Exercise description: Please copy out each line of the listing that contains the word "return".

━━━━━━━━━━

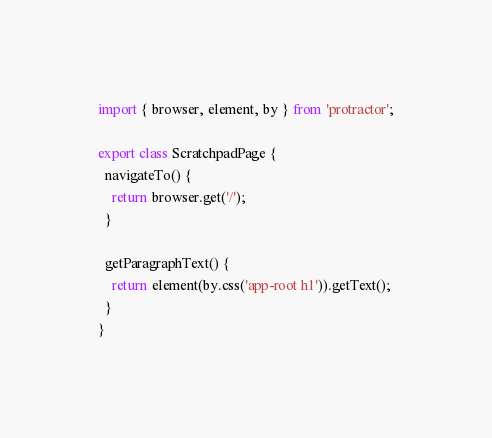Convert code to text. <code><loc_0><loc_0><loc_500><loc_500><_TypeScript_>import { browser, element, by } from 'protractor';

export class ScratchpadPage {
  navigateTo() {
    return browser.get('/');
  }

  getParagraphText() {
    return element(by.css('app-root h1')).getText();
  }
}
</code>

━━━━━━━━━━

Answer box:
    return browser.get('/');
    return element(by.css('app-root h1')).getText();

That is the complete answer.